要知道，当需求旺盛时，经济体系很擅长满足需求。对吧？比如2001年2月时，全球才有多少部iPhone呢？

Well, you know, economies are very good at filling demand when there's a lot of demand. Right? Like, many iPhones were in the world in in 02/2001. Right?

确实如此。

That's right. Yeah.

所以我认为这绝对是个挑战，也值得深入思考。对我们研究者而言，核心问题是：AI将如何改变硬件设计理念？因为有些因素我认为会变得极其关键。

So I think it's defi there's definitely a challenge there. And I think it's something that is worth thinking about. And a particularly important question for researchers like myself is how can AI affect how we think about hardware? Right. Because there are some things that I think are gonna be really, really important.

比如，你可能希望你的设备不会总是出故障。是的。有些事情完全属于那种充满问号的范畴，比如我们到底需要几根手指？就像你之前自己说的，你有点惊讶于一个只有两根手指的机器人能做很多事情。好吧，也许你还是想要更多手指，但找到既能保持良好功能又最精简的配置很重要，这就在那个问号范畴里。还有一些我认为我们可能不需要的东西，比如我们可能不需要机器人超级精确，因为我们知道反馈可以弥补这一点。

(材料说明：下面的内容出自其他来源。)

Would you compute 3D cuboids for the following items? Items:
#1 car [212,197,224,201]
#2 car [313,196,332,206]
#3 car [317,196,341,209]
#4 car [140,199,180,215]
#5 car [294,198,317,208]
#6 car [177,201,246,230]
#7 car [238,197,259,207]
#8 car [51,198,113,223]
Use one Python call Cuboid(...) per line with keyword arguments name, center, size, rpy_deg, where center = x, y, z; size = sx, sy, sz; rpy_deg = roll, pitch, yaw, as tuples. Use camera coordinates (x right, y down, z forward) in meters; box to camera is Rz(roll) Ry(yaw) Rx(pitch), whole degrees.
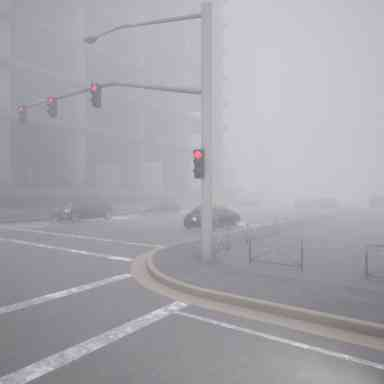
Cuboid(name="car", center=(2.401, 1.422, 40.515), size=(1.882, 1.535, 5.008), rpy_deg=(0, 0, 36))
Cuboid(name="car", center=(21.864, 1.422, 55.539), size=(1.882, 1.535, 5.008), rpy_deg=(0, 0, 35))
Cuboid(name="car", center=(18.946, 1.509, 45.372), size=(1.994, 1.385, 4.181), rpy_deg=(0, 0, 35))
Cuboid(name="car", center=(-3.052, 1.436, 32.829), size=(2.128, 1.511, 4.902), rpy_deg=(0, 0, 35))
Cuboid(name="car", center=(16.116, 1.509, 47.425), size=(1.994, 1.385, 4.181), rpy_deg=(0, 0, 35))
Cuboid(name="car", center=(1.306, 1.508, 20.465), size=(1.994, 1.385, 4.181), rpy_deg=(0, 0, 35))
Cuboid(name="car", center=(8.264, 1.470, 48.729), size=(1.812, 1.442, 4.674), rpy_deg=(0, 0, 36))
Cuboid(name="car", center=(-8.317, 1.297, 25.406), size=(2.097, 1.767, 4.553), rpy_deg=(0, 0, 36))

所以我认为，我目前的工作就是弄清楚我们能接受的最小配置是什么。

Like, you probably want your thing to like not break all the time. Yeah. There are some things that are firmly in that category of like question marks, like how many fingers do we need? Like, you said yourself before that you were kind of surprised that a robot with two fingers can do a lot. Okay, maybe you still want like more than that, but still like finding the bare minimum that still lets you have good functionality, that's important, that's in the question And mark there are some things that I think like we probably don't need, like we probably don't need the robot to be like super duper precise because we know that feedback can compensate for So I think my job as I see it right now is to figure out what's sort of the minimal package we can get away with.

我真的很喜欢从最小配置的角度思考机器人，因为我不认为我们会有那种终极机器人，就像机械版的人类一样。我认为我们将拥有的是一系列高效机器人需要满足的基本要素，就像智能手机必须要有触摸屏一样，这是我们大家都认同的。然后根据需求、成本等因素，还有很多其他可选的东西。我认为未来会有很多创新，一旦我们有了可以接入任何机器人、赋予其基本智能水平的强大AI系统，那么很多人就能在如何让机器人硬件针对每个细分领域优化方面进行创新。

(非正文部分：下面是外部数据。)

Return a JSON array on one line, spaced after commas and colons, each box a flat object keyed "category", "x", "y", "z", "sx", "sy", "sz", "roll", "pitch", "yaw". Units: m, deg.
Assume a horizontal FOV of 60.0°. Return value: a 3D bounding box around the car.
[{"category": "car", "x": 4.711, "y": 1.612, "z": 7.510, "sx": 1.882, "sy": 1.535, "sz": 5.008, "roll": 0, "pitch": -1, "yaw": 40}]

And I really like to think about robots in terms of minimal package because I don't think that we will have, like, the one ultimate robot, like, sort of the mechanical person, basically. I think what we will have is a bunch of things that good effective robots need to need to satisfy, just like smartphones need to have a touchscreen, like that's something that we all kind of And agreed then a bunch of other stuff that's kind of optional depending on the need, depending on the cost point, etcetera. And I think there will be a lot of innovation where once we have very capable AI systems that can be plugged into any robot to endow it with some basic level of intelligence, then lots of different people can innovate on how to get the robot hardware to be optimal for each niche it needs

在制造商方面，英伟达有做机器人吗？

to In terms of manufacturers, is there some NVIDIA robotics?

目前没有。也许将来会有。可能我太理想化了，但我真的很希望看到一个机器人多样化的世界。

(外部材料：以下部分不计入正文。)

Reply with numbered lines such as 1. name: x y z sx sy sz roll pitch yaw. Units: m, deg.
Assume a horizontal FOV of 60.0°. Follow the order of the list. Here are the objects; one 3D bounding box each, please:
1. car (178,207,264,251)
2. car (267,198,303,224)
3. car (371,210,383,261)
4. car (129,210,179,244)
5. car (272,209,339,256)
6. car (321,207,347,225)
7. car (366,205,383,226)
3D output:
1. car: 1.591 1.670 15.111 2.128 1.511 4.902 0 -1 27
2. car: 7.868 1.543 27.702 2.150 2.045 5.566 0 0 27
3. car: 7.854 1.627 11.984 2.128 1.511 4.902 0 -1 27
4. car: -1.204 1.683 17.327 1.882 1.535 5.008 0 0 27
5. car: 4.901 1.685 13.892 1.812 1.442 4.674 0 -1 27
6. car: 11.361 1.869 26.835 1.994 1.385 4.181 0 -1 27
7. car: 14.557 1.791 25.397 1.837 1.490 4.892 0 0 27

Not right now. Maybe there will be someday. I would really like maybe I'm being idealistic, but I would really like to see a world where there's a lot of heterogeneity in robots.

作为设计运行算法的专家，你认为当前硬件最大的瓶颈是什么？

What is the biggest bottleneck in the hardware today as somebody who's designing the algorithms that run on it?

这个问题很难回答，主要是因为技术变化太快。就我个人而言，我在硬件方面花大量时间思考的其实是可靠性和成本。不是说我不关心成本，而是成本直接关系到机器人数量，进而影响数据量。作为机器学习研究者，我非常需要大量数据，所以我希望机器人成本低廉，这样就能部署更多机器人，获得更多数据。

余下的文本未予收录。